Boston Public Schools has partnered with Boston University researchers to implement a comprehensive air quality monitoring system designed to protect over 48,000 students and staff across 121 buildings from harmful air pollutants including mold, pollen, and fine particulate matter.
Grant Funding and Project Scope
Mayor Michelle Wu announced on September 30, 2025, that the Trustees of Boston University, in partnership with Boston Public Schools, will receive $194,691 as part of the 2025 Community Clean Air Grant. The funding will support pilot implementation and assessment of a new air quality monitoring system designed to detect and respond to indoor air pollution events affecting school environments.
The initiative, named the Clean Air, Health and School Sustainability project (CHESS), is led by Patricia Fabián, a Boston University School of Public Health professor and director of the Sustainable Built Environment Lab. The project addresses air quality concerns across BPS facilities serving students in 17 neighborhoods throughout Boston.
According to reporting by Mohan Zhang for The Daily Free Press, the funding will enable the research team to implement a fully developed monitoring system that has been under development for the past three years.
Existing Monitoring Infrastructure
The CHESS team has collaborated with Boston Public Schools for three years, gathering millions of data points from existing sensors installed throughout the school district. These sensors currently record indoor temperature, air ventilation rates, and carbon dioxide levels—parameters that indicate overall air quality and ventilation effectiveness.
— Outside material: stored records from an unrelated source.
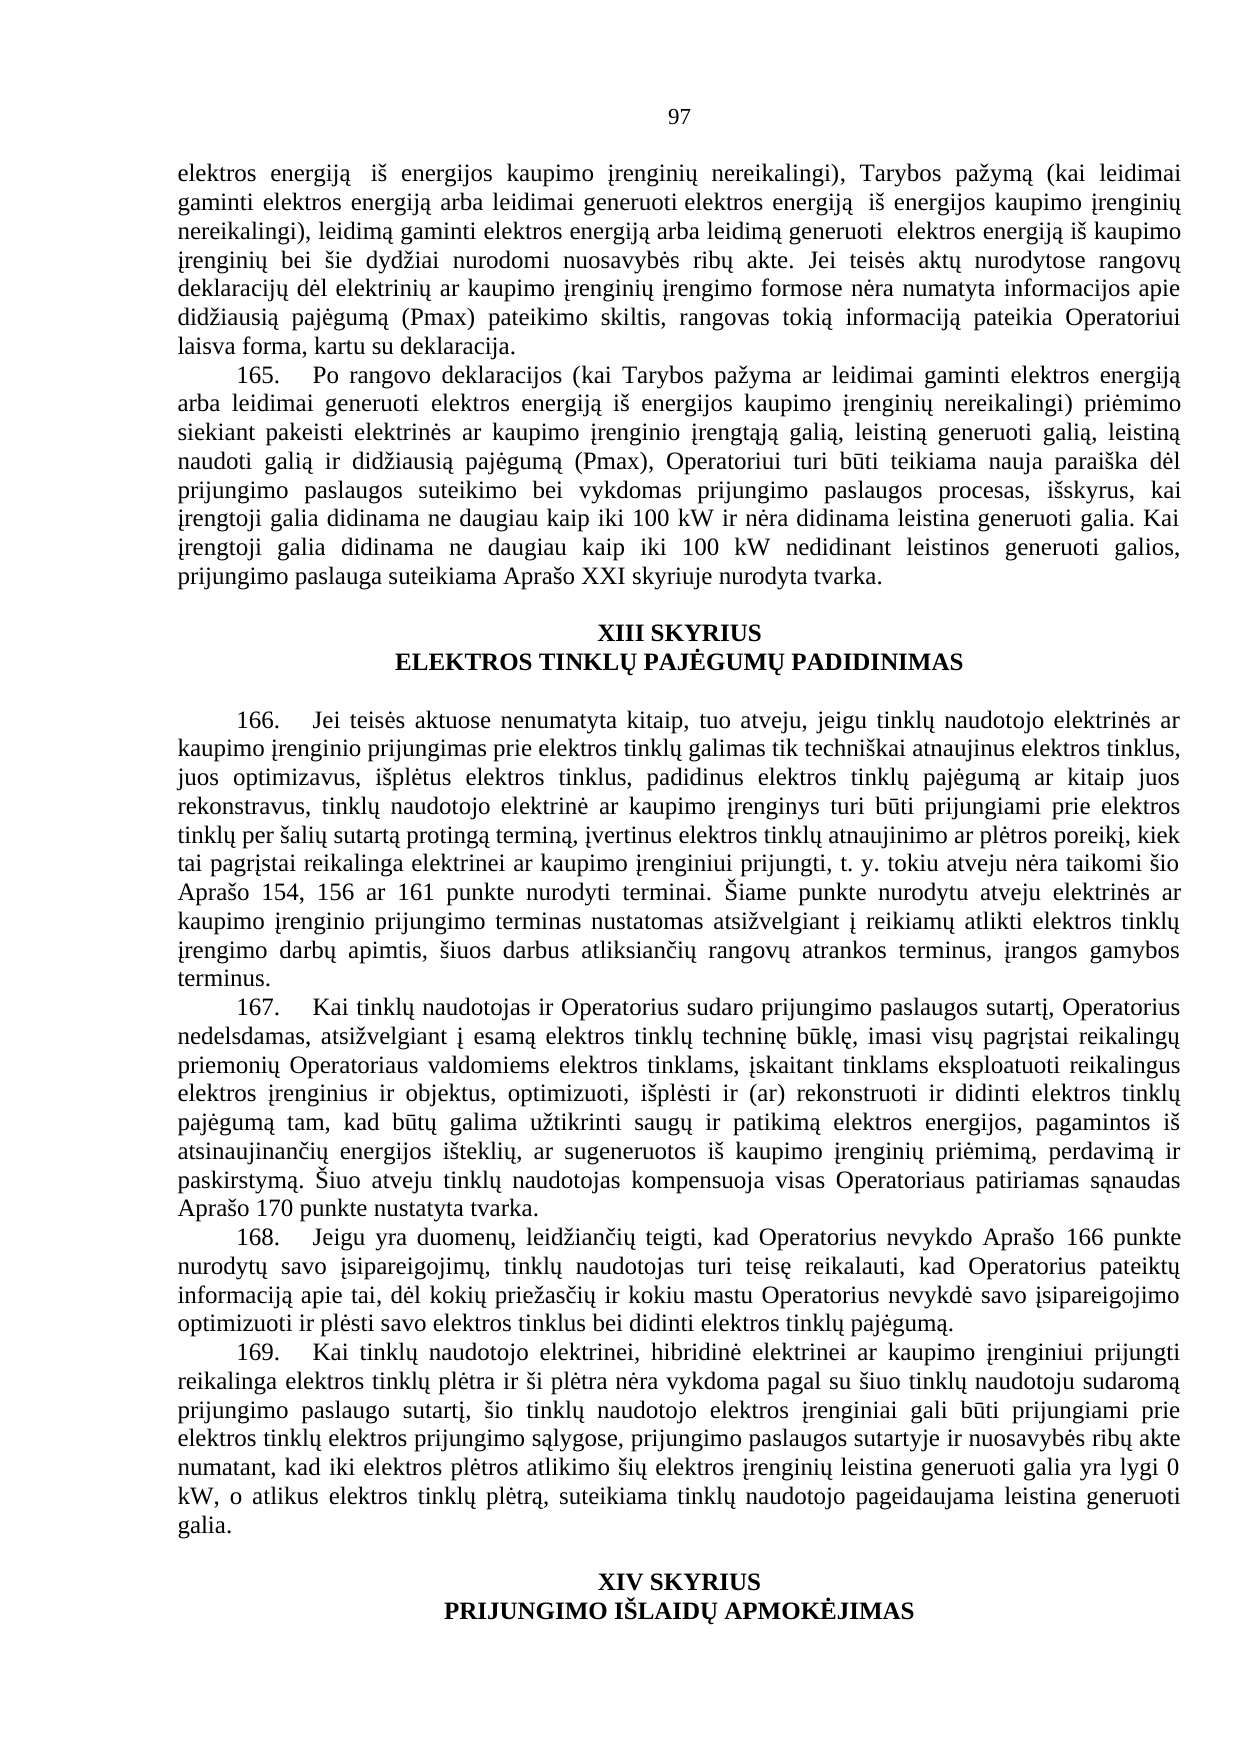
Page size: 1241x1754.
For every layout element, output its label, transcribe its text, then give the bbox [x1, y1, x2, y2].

text 167. Kai tinklų naudotojas ir Operatorius sudaro prijungimo paslaugos sutartį, Operatorius nedelsdamas, atsižvelgiant į esamą elektros tinklų techninę būklę, imasi visų pagrįstai reikalingų priemonių Operatoriaus valdomiems elektros tinklams, įskaitant tinklams eksploatuoti reikalingus elektros įrenginius ir objektus, optimizuoti, išplėsti ir (ar) rekonstruoti ir didinti elektros tinklų pajėgumą tam, kad būtų galima užtikrinti saugų ir patikimą elektros energijos, pagamintos iš atsinaujinančių energijos išteklių, ar sugeneruotos iš kaupimo įrenginių priėmimą, perdavimą ir paskirstymą. Šiuo atveju tinklų naudotojas kompensuoja visas Operatoriaus patiriamas sąnaudas Aprašo ‎170 punkte nustatyta tvarka. [177, 992, 1181, 1222]
text XIII SKYRIUS [177, 618, 1181, 647]
text elektros energiją iš energijos kaupimo įrenginių nereikalingi), Tarybos pažymą (kai leidimai gaminti elektros energiją arba leidimai generuoti elektros energiją iš energijos kaupimo įrenginių nereikalingi), leidimą gaminti elektros energiją arba leidimą generuoti elektros energiją iš kaupimo įrenginių bei šie dydžiai nurodomi nuosavybės ribų akte. Jei teisės aktų nurodytose rangovų deklaracijų dėl elektrinių ar kaupimo įrenginių įrengimo formose nėra numatyta informacijos apie didžiausią pajėgumą (Pmax) pateikimo skiltis, rangovas tokią informaciją pateikia Operatoriui laisva forma, kartu su deklaracija. [177, 158, 1181, 360]
text 169. Kai tinklų naudotojo elektrinei, hibridinė elektrinei ar kaupimo įrenginiui prijungti reikalinga elektros tinklų plėtra ir ši plėtra nėra vykdoma pagal su šiuo tinklų naudotoju sudaromą prijungimo paslaugo sutartį, šio tinklų naudotojo elektros įrenginiai gali būti prijungiami prie elektros tinklų elektros prijungimo sąlygose, prijungimo paslaugos sutartyje ir nuosavybės ribų akte numatant, kad iki elektros plėtros atlikimo šių elektros įrenginių leistina generuoti galia yra lygi 0 kW, o atlikus elektros tinklų plėtrą, suteikiama tinklų naudotojo pageidaujama leistina generuoti galia. [177, 1337, 1181, 1538]
text 166. Jei teisės aktuose nenumatyta kitaip, tuo atveju, jeigu tinklų naudotojo elektrinės ar kaupimo įrenginio prijungimas prie elektros tinklų galimas tik techniškai atnaujinus elektros tinklus, juos optimizavus, išplėtus elektros tinklus, padidinus elektros tinklų pajėgumą ar kitaip juos rekonstravus, tinklų naudotojo elektrinė ar kaupimo įrenginys turi būti prijungiami prie elektros tinklų per šalių sutartą protingą terminą, įvertinus elektros tinklų atnaujinimo ar plėtros poreikį, kiek tai pagrįstai reikalinga elektrinei ar kaupimo įrenginiui prijungti, t. y. tokiu atveju nėra taikomi šio Aprašo ‎154, ‎156 ar ‎161 punkte nurodyti terminai. Šiame punkte nurodytu atveju elektrinės ar kaupimo įrenginio prijungimo terminas nustatomas atsižvelgiant į reikiamų atlikti elektros tinklų įrengimo darbų apimtis, šiuos darbus atliksiančių rangovų atrankos terminus, įrangos gamybos terminus. [177, 705, 1181, 992]
text PRIJUNGIMO IŠLAIDŲ APMOKĖJIMAS [177, 1596, 1181, 1625]
text 165. Po rangovo deklaracijos (kai Tarybos pažyma ar leidimai gaminti elektros energiją arba leidimai generuoti elektros energiją iš energijos kaupimo įrenginių nereikalingi) priėmimo siekiant pakeisti elektrinės ar kaupimo įrenginio įrengtąją galią, leistiną generuoti galią, leistiną naudoti galią ir didžiausią pajėgumą (Pmax), Operatoriui turi būti teikiama nauja paraiška dėl prijungimo paslaugos suteikimo bei vykdomas prijungimo paslaugos procesas, išskyrus, kai įrengtoji galia didinama ne daugiau kaip iki 100 kW ir nėra didinama leistina generuoti galia. Kai įrengtoji galia didinama ne daugiau kaip iki 100 kW nedidinant leistinos generuoti galios, prijungimo paslauga suteikiama Aprašo ‎XXI skyriuje nurodyta tvarka. [177, 360, 1181, 590]
text 168. Jeigu yra duomenų, leidžiančių teigti, kad Operatorius nevykdo Aprašo ‎166 punkte nurodytų savo įsipareigojimų, tinklų naudotojas turi teisę reikalauti, kad Operatorius pateiktų informaciją apie tai, dėl kokių priežasčių ir kokiu mastu Operatorius nevykdė savo įsipareigojimo optimizuoti ir plėsti savo elektros tinklus bei didinti elektros tinklų pajėgumą. [177, 1222, 1181, 1337]
text ELEKTROS TINKLŲ PAJĖGUMŲ PADIDINIMAS [177, 647, 1181, 676]
text XIV SKYRIUS [177, 1567, 1181, 1596]

Pilar Botana, a team member and School of Public Health doctoral student, explained that the team reports to BPS on which schools require cooling interventions and where ventilation improvements are needed. This data-driven approach helps reduce disease transmission by identifying spaces with inadequate air circulation.
The new funding will support expansion beyond basic environmental monitoring to include specific detection of harmful air pollutants, particularly fine particulate matter known as PM2.5.
Focus on PM2.5 Detection
Beverly Ge, a team member and SPH doctoral student, noted that the air sensors focus specifically on detecting PM2.5, widely regarded as an extremely harmful air pollutant. PM2.5 refers to air particles measuring approximately 2.5 micrometers in diameter—roughly 30 times smaller than the width of a human hair.
According to the Environmental Protection Agency, when inhaled deeply, these microscopic particles can penetrate lung tissue and enter the bloodstream, leading to respiratory and cardiovascular issues. Children face particular vulnerability to PM2.5 exposure due to their developing respiratory systems and higher breathing rates relative to body size.
Climate Change and Indoor Air Quality
Botana emphasized the increasing importance of indoor air quality monitoring as climate change intensifies natural disasters including wildfires. "It's important to put in place a system that ensures we are able to detect events of peaks of poor air quality outdoors and prevent this pollution from coming indoors or, if it comes indoors, to have a plan that can clean the air," Botana stated.
Wildfire smoke events have become more frequent and geographically widespread in recent years, affecting air quality in regions historically unaccustomed to such pollution episodes. Boston experienced significant air quality degradation during the 2023 Canadian wildfire season, when smoke traveled hundreds of miles to blanket the northeastern United States in hazardous particulate pollution.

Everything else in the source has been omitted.